Look through the records below for the line with "Supply one 3D" and the line with "2. small box [284, 626, 369, 724]", then return those lines and all lines between, exactly.
_ _ _ _ _ _ _
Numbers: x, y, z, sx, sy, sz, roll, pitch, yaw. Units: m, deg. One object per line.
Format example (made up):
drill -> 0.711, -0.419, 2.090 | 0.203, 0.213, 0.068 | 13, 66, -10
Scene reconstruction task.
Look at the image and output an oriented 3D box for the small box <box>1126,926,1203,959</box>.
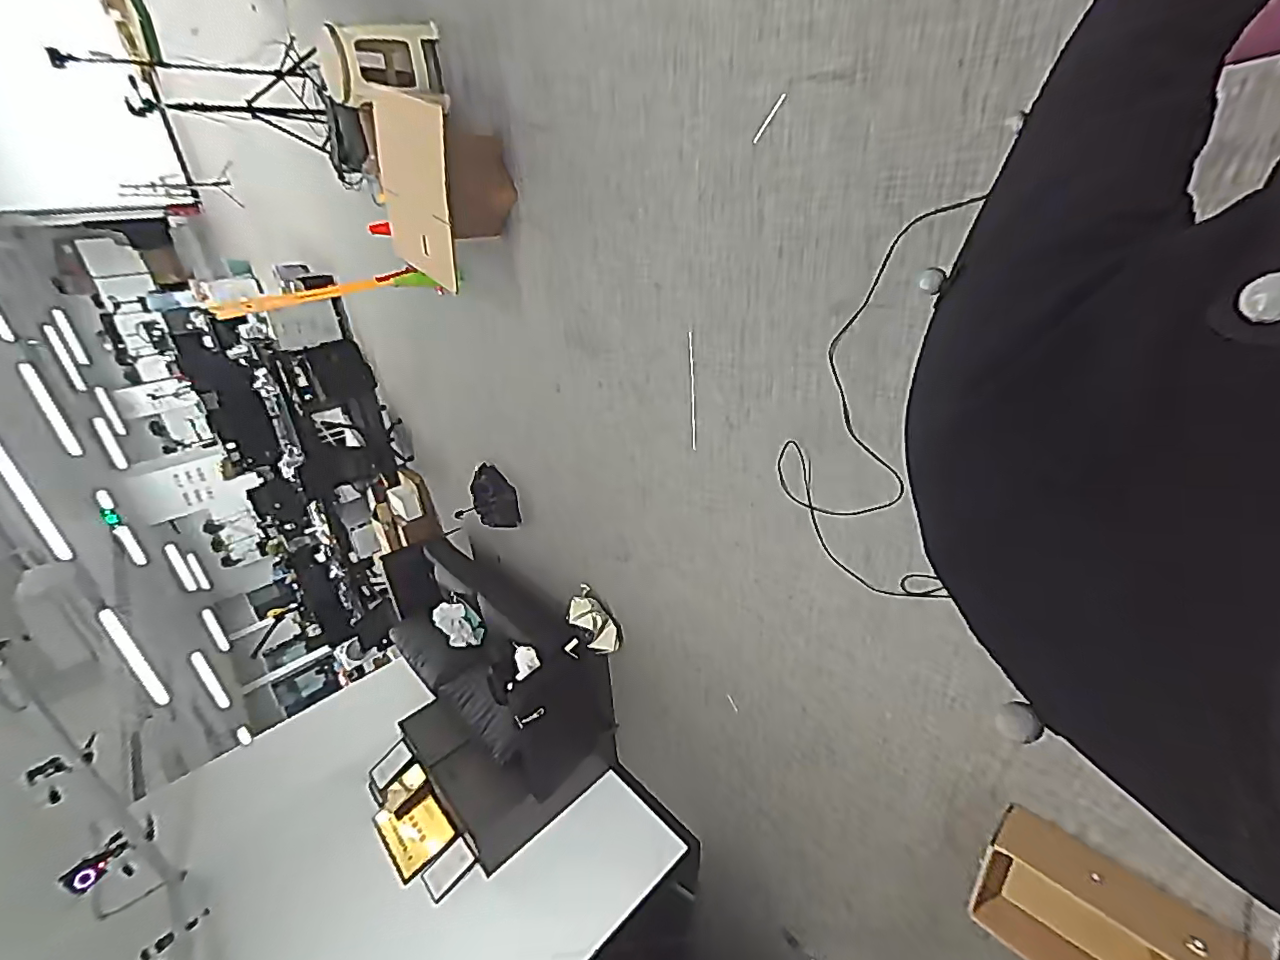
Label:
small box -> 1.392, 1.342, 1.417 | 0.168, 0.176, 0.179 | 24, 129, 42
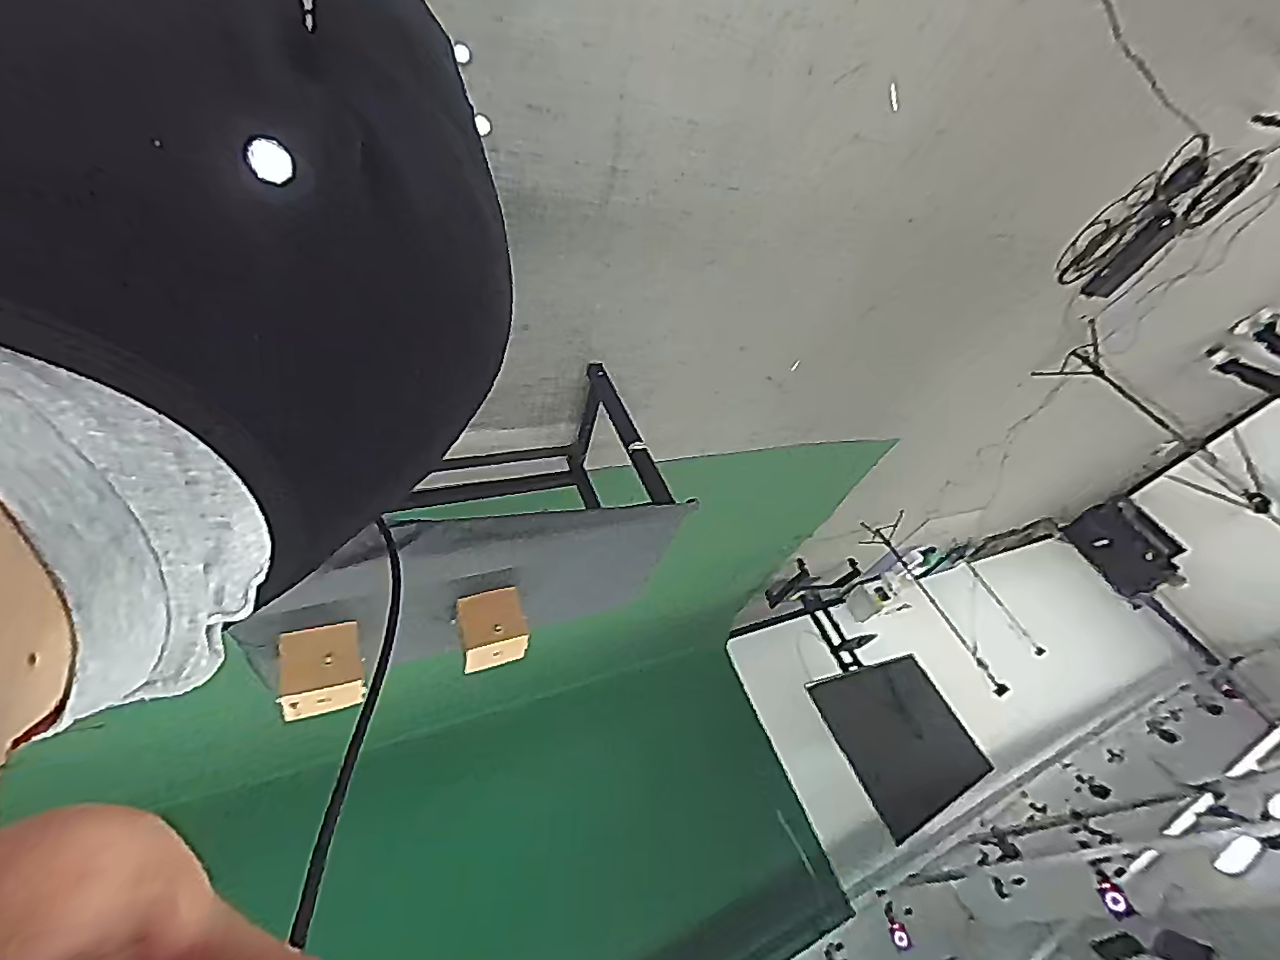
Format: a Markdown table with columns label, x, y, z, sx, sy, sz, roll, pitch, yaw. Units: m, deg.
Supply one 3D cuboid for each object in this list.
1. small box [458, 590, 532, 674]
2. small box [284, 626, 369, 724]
_ _ _ _ _ _ _
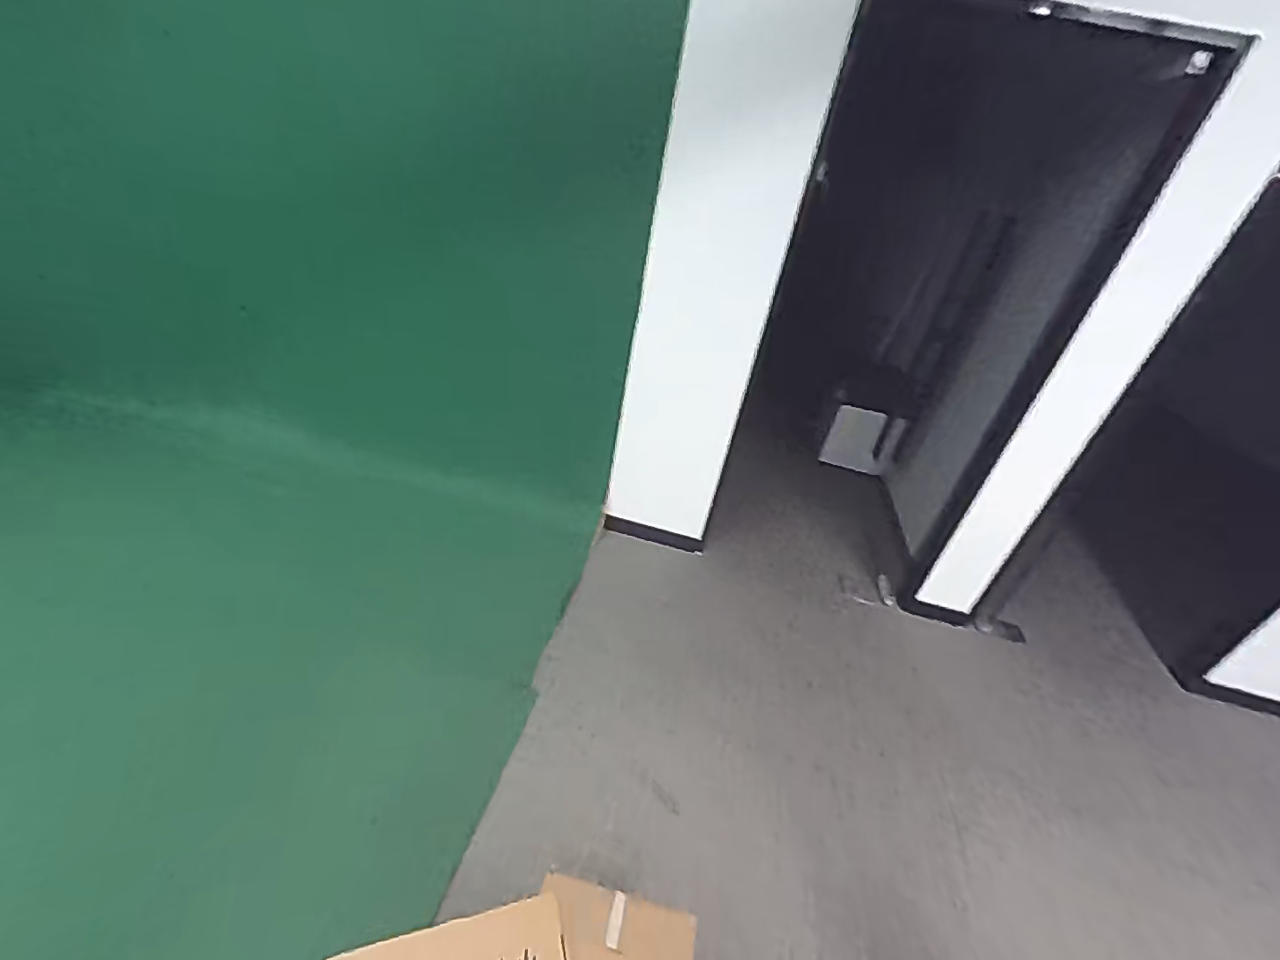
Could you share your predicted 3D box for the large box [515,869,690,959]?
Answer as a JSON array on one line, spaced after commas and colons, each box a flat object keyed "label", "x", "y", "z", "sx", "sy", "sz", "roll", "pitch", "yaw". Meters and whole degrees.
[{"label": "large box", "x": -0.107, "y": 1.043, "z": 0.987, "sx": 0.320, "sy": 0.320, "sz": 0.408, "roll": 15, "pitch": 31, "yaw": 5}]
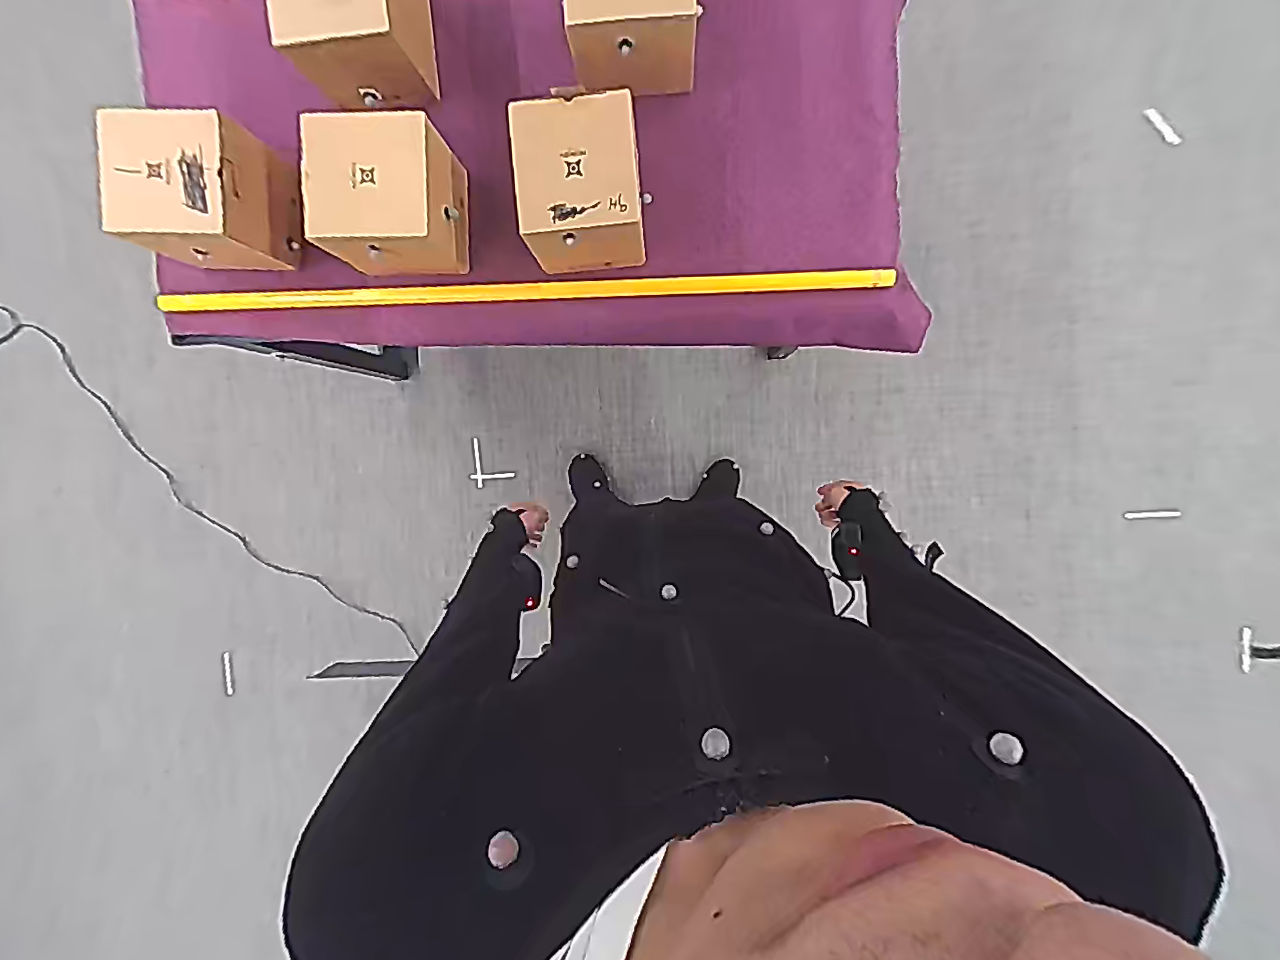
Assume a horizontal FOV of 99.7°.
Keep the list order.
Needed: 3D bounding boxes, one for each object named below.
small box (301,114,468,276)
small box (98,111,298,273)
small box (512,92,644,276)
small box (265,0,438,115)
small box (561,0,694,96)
_ _ _ _ _ _ _
> _TASK RESULT_:
Supply one 3D cuboid for each object in this list.
1. small box [458, 590, 532, 674]
2. small box [284, 626, 369, 724]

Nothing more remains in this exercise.